Information is an asset I'll admit. But the access to the information was clearly bounded by Border's privacy policy. I really don't understand why the courts are even considering the possibility of allowing it to be sold. If the privacy policy said only Borders would access the data then when Borders ceases to exist than so should the data. B&N can just ask you to give them the info if you choose to under their privacy agreement. The fact that the company would even try to purchase information covered under a privacy agreement with another company puts them on my no-buy list.
Now I'm glad I always turned down the Borders Rewards Card.
The final clause in all privacy policies are words to the effect, "this policy is subject to change at any time, with or without notice to you." Now we have an example of what that means.
I have always regarded that a license to defraud the consumer, as they can initially offer privacy terms that are acceptable, then collect your data, then revoke the privacy protections without giving you a chance to change or delete your data.
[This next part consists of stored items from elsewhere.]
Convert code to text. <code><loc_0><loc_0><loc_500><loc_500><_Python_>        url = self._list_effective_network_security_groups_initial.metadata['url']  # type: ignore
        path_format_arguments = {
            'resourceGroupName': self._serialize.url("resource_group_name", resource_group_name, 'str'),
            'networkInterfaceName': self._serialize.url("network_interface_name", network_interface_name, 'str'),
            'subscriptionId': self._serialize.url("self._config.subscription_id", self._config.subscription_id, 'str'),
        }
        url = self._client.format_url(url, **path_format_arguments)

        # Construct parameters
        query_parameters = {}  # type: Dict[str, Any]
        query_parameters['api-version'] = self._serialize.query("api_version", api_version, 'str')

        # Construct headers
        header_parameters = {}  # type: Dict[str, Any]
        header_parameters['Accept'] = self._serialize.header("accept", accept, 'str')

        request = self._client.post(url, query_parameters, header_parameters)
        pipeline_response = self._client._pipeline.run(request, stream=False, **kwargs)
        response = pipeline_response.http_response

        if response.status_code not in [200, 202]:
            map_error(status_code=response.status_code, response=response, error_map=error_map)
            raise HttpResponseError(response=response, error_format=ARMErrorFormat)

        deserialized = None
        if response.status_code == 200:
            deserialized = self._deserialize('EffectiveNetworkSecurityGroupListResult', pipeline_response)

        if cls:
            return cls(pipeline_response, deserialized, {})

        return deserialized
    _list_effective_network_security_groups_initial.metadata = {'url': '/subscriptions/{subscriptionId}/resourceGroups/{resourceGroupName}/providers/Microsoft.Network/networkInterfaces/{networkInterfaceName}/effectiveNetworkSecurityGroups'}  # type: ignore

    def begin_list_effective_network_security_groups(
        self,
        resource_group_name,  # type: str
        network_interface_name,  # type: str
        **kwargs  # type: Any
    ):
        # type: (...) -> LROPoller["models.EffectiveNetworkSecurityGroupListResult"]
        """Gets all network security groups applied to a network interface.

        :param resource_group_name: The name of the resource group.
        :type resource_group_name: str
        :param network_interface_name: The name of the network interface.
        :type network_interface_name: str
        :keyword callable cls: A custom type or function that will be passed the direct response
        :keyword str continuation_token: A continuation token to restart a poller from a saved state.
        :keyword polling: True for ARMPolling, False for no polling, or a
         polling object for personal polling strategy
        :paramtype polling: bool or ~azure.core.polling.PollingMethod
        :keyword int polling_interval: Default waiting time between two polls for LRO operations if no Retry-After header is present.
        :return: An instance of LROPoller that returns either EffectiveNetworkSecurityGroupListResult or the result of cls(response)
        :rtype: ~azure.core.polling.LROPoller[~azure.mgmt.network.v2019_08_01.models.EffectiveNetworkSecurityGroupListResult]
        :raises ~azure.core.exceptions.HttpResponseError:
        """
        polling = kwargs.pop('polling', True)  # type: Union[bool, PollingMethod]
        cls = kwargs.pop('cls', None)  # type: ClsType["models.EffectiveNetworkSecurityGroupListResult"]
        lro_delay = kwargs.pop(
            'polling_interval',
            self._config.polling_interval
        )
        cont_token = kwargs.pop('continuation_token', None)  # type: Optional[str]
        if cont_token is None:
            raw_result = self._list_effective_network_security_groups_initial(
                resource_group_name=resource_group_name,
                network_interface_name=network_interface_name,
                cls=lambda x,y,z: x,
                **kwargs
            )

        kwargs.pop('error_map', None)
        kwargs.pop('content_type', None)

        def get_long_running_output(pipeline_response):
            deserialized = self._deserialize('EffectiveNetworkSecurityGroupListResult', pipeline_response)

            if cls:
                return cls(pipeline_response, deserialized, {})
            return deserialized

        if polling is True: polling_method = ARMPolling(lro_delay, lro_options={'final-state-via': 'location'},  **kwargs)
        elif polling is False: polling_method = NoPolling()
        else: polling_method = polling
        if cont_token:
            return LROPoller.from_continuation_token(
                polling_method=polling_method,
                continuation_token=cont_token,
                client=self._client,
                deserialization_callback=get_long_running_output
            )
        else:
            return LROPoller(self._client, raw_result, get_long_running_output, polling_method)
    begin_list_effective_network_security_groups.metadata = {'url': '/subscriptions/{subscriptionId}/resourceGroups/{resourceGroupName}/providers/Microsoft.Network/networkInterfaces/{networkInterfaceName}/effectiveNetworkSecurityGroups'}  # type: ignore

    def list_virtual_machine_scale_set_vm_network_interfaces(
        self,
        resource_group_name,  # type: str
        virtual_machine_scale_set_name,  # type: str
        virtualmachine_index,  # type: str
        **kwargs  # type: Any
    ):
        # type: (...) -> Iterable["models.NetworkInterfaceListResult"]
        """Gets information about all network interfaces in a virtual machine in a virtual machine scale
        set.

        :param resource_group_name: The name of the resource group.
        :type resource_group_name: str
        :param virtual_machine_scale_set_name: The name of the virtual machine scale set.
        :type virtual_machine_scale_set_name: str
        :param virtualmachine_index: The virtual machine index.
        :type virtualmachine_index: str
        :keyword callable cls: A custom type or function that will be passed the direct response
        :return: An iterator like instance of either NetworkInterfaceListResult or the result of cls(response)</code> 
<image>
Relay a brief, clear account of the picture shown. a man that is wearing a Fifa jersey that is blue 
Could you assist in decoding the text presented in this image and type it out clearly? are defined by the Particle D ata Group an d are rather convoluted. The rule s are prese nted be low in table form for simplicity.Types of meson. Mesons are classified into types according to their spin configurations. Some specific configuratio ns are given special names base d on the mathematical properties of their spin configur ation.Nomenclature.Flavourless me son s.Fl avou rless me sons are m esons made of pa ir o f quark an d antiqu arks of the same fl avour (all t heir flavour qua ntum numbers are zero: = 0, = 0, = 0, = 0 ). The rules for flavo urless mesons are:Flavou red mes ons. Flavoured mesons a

[Sir Garlon] is the marvellest knight that is now living, for he destroyeth many good knights, for he goeth invisible.
This kind of decision would turn every (former) Border's customer into a potential creditor in the bankruptcy proceeding, since it becomes a cost and damage to that customer if the privacy terms already agreed to are changed. Imagine if even 1 person of Border's (former) customer were to file a petition with the bankruptcy court to enter as a creditor.
now we need to go OSS in diesel cars
So, if I buy a harddrive from someone, and it has some software installed on it, that means that I can do whatever I want with it because I didn't agree to the ToS! Right...?
I liked Borders so much better than BN. BN is fine if you want current Best Sellers on the cheap, but if interested in more of the off-the-wall stuff, the coupons the free Border's membership offered (BN offers no free membership) were a far better deal.
It's a troubling sign of the times, I don't like seeing brick 'n' mortar book stores going belly up, I loved to spend a few hours on Saturday afternoons looking around.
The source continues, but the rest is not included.